Thurman Speaks Again About Continuing To Move Slow with Voting Systems

I wrote about voting systems on 13 November 2005 and sent that writing to the Arizona Republic. The Republic opted not to print/post that letter. I've found it necessary to write again about voting systems after reading the Arizona Republic on 6 January 2006.

On 6 January 2006, the Arizona Republic had a story titled: "Activists upstage Jan Brewer at re-election announcement."

I was happy to see the Republic used the word "activists" because Brewer categorized the activists as "anarchists." I don't know who these "activists" are, but I do know some computer professionals thank them for their efforts. The Republic article quoted activist Mike Shelby saying "this is a civic issue" and some computer professionals believe Shelby is 100% correct.
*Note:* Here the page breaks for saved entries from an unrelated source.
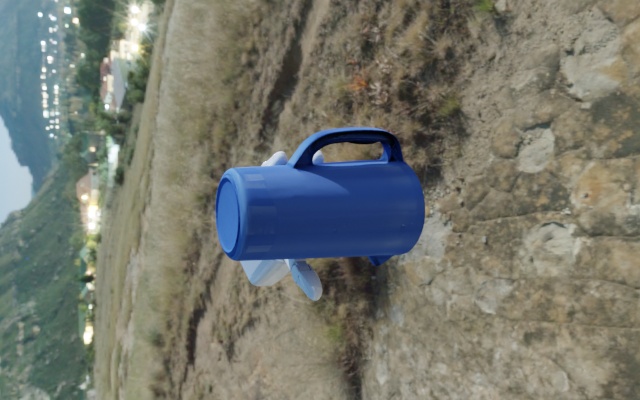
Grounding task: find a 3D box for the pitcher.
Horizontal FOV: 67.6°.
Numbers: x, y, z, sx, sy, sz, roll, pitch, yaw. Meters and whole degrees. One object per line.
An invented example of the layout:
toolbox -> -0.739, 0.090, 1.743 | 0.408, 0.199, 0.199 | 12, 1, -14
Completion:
pitcher -> 0.000, 0.002, 0.599 | 0.243, 0.149, 0.145 | -2, -27, -28
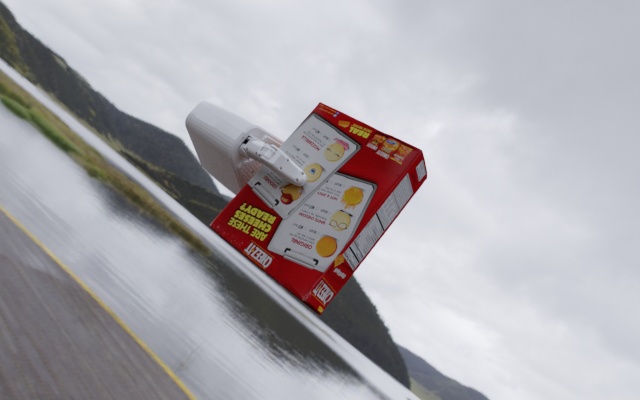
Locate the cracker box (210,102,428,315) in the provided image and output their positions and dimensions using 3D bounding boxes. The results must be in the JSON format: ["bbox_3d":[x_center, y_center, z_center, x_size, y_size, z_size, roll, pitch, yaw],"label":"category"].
[{"bbox_3d":[0.000,0.002,0.576,0.164,0.213,0.072,32,-14,32],"label":"cracker box"}]

Some computer professionals wear t-shirts that say "question technology." Does that make us anarchists? Some computer professionals know e-voting will be a non-issue in one-sided elections, but that close elections could result in anarchy. Does that make us "conspiracy theorists?" I answer both of my questions: Computer professionals who care about social responsibility are not anarchists, nor are we conspiracy theorists.

The Republic quoted Brewer saying, "I have instituted procedures and rules and security measures that in effect, if followed, will not allow any miscounting of votes. I have all the confidence in the world that there will be no problems in 2006."

Brewer's use of the phrase "if followed" provides her with an escape hatch if problems occur. How nice for her. She will always be able to say she said "if followed." Some computer professionals are not allowed to use phrases like "if followed."

Brewer says "there will be no problems." The word "no" implies zero. Brewer is telling us there will be zero problems. In a non-close election this is a moot point, but with a close election, Brewer must be 100% correct when she says "there will be no problems."

Brewer says her procedures "will not allow any miscounting of votes." The phrase "will not allow any" implies zero. Not one, not two, not three or more... zero. In a non-close election this is a moot point, but what if it is a close election? Brewer is telling us they have tested every 'what if' scenario. Some computer professionals would claim this feat nearly impossible (especially if any closed systems are used).

Brewer is confident there will be zero problems because she has "instituted procedures and rules and security measures." Some computer professionals would question the "security measures" particularly if certain "closed systems" comprise one or more components of the computing system.

Brewer is claiming her system has zero defects. Some computer professionals hope there are zero close elections because we know how difficult (some claim it is impossible) to have a computing system with zero defects. Brewer may get lucky, but if she doesn't, then what for the state of Arizona? A close election that experiences computing defects could result in anarchy.

The remainder of this document is the first letter I wrote on 13 November 2005 about voting systems.

I sent this document to the following recipients on Sunday, 13 November 2005, at around 6:30am.


	Reply to Jan Brewer (Saturday, 2005.11.12)
	"Voting lawsuit is an insult"

At the most recent annual meeting of the CPSR (Computer Professionals for Social Responsibility), we pondered what should be our primary issue of focus. Many were considered: Internet governance, RFID usage, cyberterrorism, privacy and civil liberties, women in computing, broadband deployment, voting systems, etc.

The CPSR was started by a group of computer researchers at Xerox PARC to "help them integrate their work life with their social concerns." In 1981, Severo Ornstein created an "electronic discussion group on the Xerox internal electronic mail network concerned with the threat of nuclear war."

Severo Ornstein was at the 2005 meeting of the CPSR and he was adamant that "voting systems" needed to be our number one priority. In a nutshell, Severo knows that when it comes to voting systems, just one defect ("bug") is one defect ("bug") too many.

I don't know what technology gurus Ms. Brewer seeks her techno-advice, but if her consultants don't include people such as Bruce Schneier or Peter Neumann or Severo Ornstein (and others), then caution needs to be practiced when it comes to deploying voting systems built using early 21st century technologies.

Voting systems in 2005 are probably "just good enough" in one-sided elections (we get lucky), but they are probably "just bad enough" in close elections. In other words, in a close election, Ms. Brewer and the state of Arizona will have wished they hadn't been so easily insulted.